手頃そうな関数を調べてみる。左から数えた文字数で切るtruncateString()。例えば指定文字数が2文字だと、 "aaaa" -> "aa" とするような非常に単純な機能。しかし実装は一見ぱっと見でわかりにくい。最初はスライスの記法だけでいけるように見える。これは桁の方が文字数より多いケースに対応している。普通にスライス記法で書くとindex out of rangeエラーになるだろう。

nとiは逆方向にインクリメントが進むので、長さが5だとすると iが 0, 1, 2, 3, 4 となるとき、nは 4, 3, 2, 1, 0 となる。nがマイナスの値に突入したとき、iはアクセスできる最大のインデックスを示している。

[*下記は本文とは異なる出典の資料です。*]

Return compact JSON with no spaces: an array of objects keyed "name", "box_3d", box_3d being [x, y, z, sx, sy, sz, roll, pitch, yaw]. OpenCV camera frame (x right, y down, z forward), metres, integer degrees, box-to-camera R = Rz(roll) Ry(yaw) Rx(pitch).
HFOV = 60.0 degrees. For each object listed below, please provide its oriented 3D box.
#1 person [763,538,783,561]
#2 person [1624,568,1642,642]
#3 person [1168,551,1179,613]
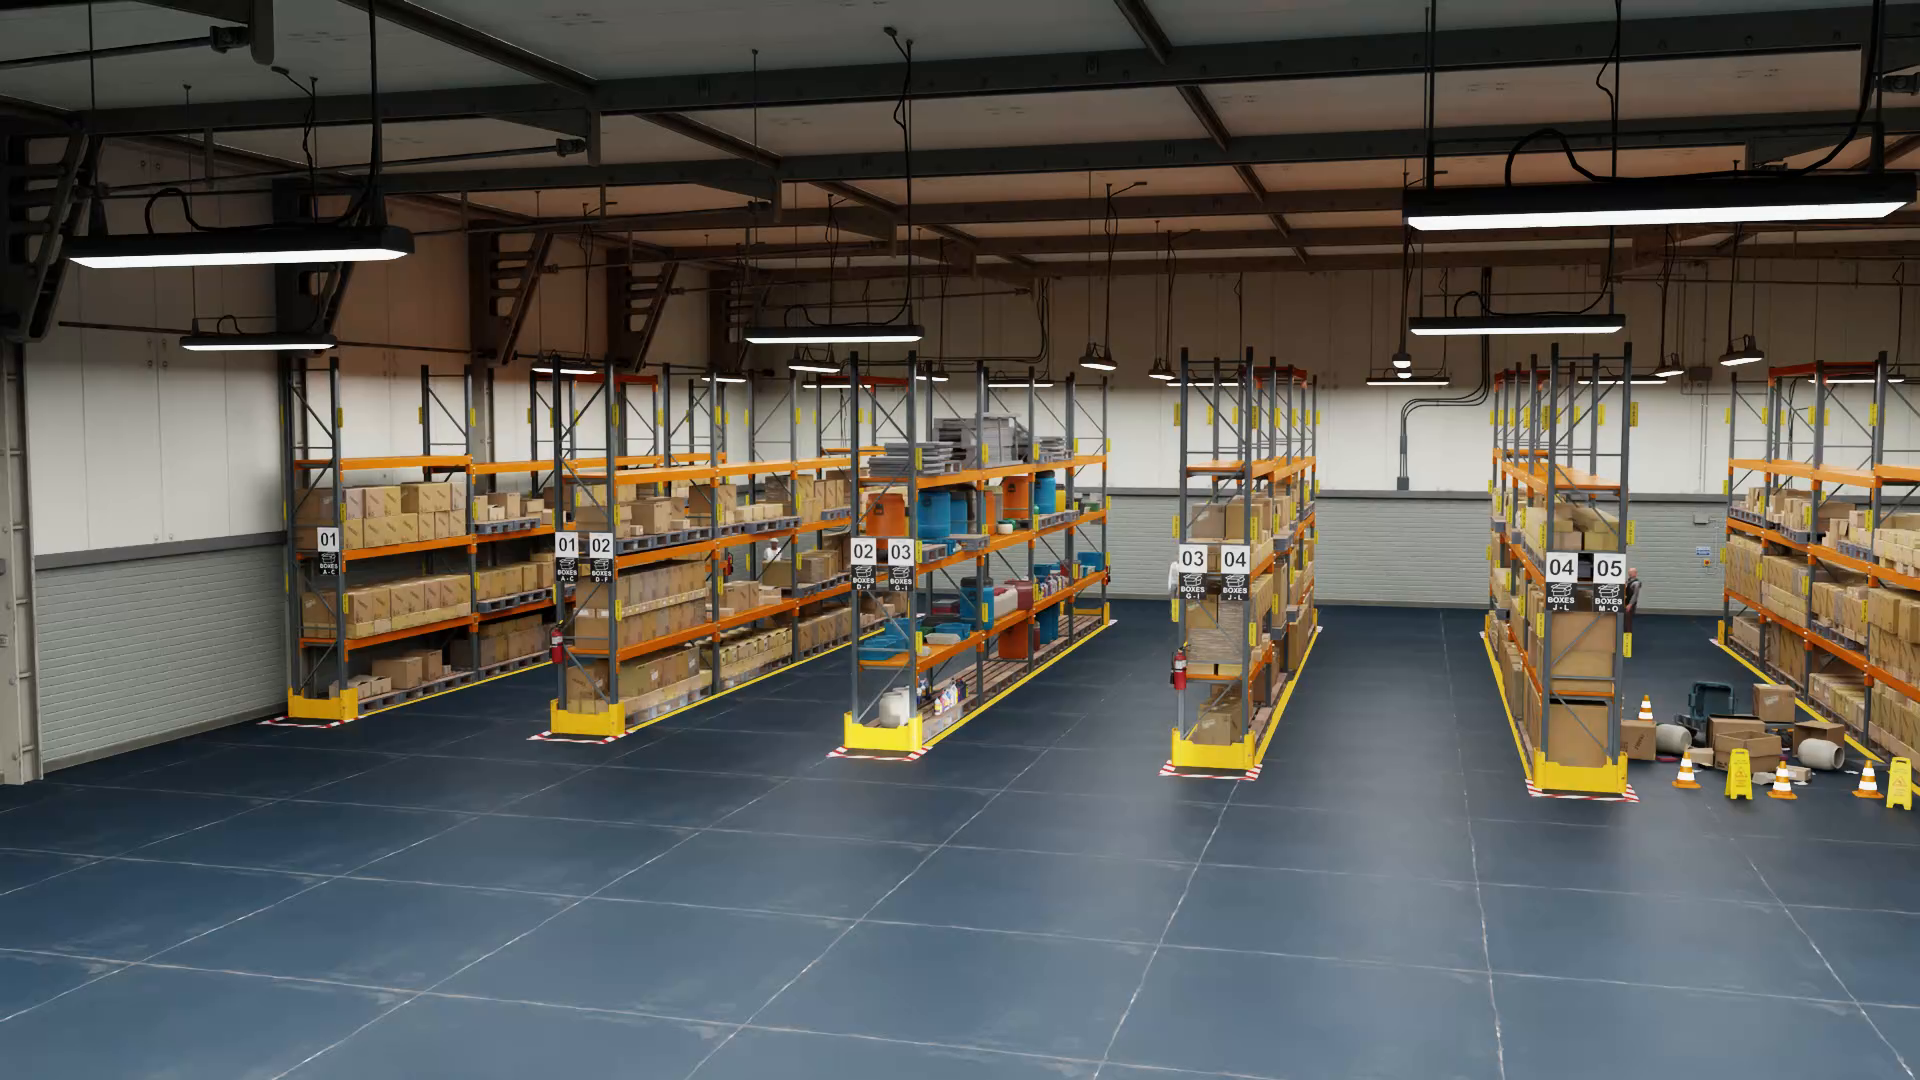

func truncateString(s string, b bool) string {
        if b {
                n := 5
                for i := range s {
                        n--
                        if n < 0 {
                                return s[:i]
                        }
                }
        }
        return s
}

func main() {
        fmt.Println("aaa"[:2]) // aa
        // fmt.Println("aaa"[:5]) // これはエラーになる
        fmt.Println(truncateString("aaaiiiuuu", true)) // aaaii
        fmt.Println(truncateString("aaa", true))       // aaa
        fmt.Println(truncateString("", true))	   // ""
}

truncate(バイト列バージョン)

バイト列バージョン。文字エンコードが絡むのでちょっと処理が増えるが基本は同じ。

バイト列の初期化方法。シングルクォートを使うか、あるいは[]byte(“文字列”)で初期化するのがわかりやすい。 utf8.RuneSelfは整数128のエイリアス。utf8エンコードの基本の数になる。8ビット=1バイト(256通り)として1文字分。128を超えると2バイトになる。

// rune, sizeを返す
fmt.Println(utf8.DecodeRune([]byte("a"))) // 97 1
fmt.Println(utf8.DecodeRune([]byte("¶"))) // 182 2
fmt.Println(utf8.DecodeRune([]byte("あ"))) // 12354 3
func truncate(b []byte) []byte {
        if true {
                n := 5 // ここは小数精度設定で注入される
                for i := 0; i < len(b); {
                        n--
                        if n < 0 {
                                return b[:i]
                        }
                        wid := 1
                        if b[i] >= utf8.RuneSelf {
                                _, wid = utf8.DecodeRune(b[i:])
                        }
                        // 文字のバイト数分ループを飛ばす
                        i += wid
                }
        }
        return b
}

func main() {
        test := []byte("abcdefg")
        fmt.Println(test, truncate(test)) // truncateされる
        nihon := []byte("日本語日本語")
        fmt.Println(len(nihon), len(truncate(nihon))) // 18 -> 15
        // 3バイト文字が5個にtruncateされることで、バイト数が15になる
}

precisionの指定方法

小数精度の指定方法。

fmt.Printf("%.9s", 4) # -> %!s(int=000000004)

フォーマットの対応付けはどうやってるか

フォーマットを解釈するところはわかったが、対応づけてフォーマット文字の部分に文字列を加えている部分がよくわかってない。

doPrintf(format: string, a: any)みたいな感じで呼ばれる。

それぞれの構造体の役割

  • pp(print.go)
  • fmt(format.go) ppに埋め込まれる構造体。fmt{型}系メソッドがある
  • buffer(print.go) bufferへの大きな依存を防ぐため、シンプルにbyteで実装している
  • ss(scan.go)

表示の意味

os.Stdout(/dev/stdout)に書き込むのが、表示の意味。 結果がすべて出るまでは一時的にpp.bufに入れておき、一気にos.Stdoutに書き込んで表示する。

一見println()とファイルは関係なさそうだが、実行するたびにファイル書き込みを行っている。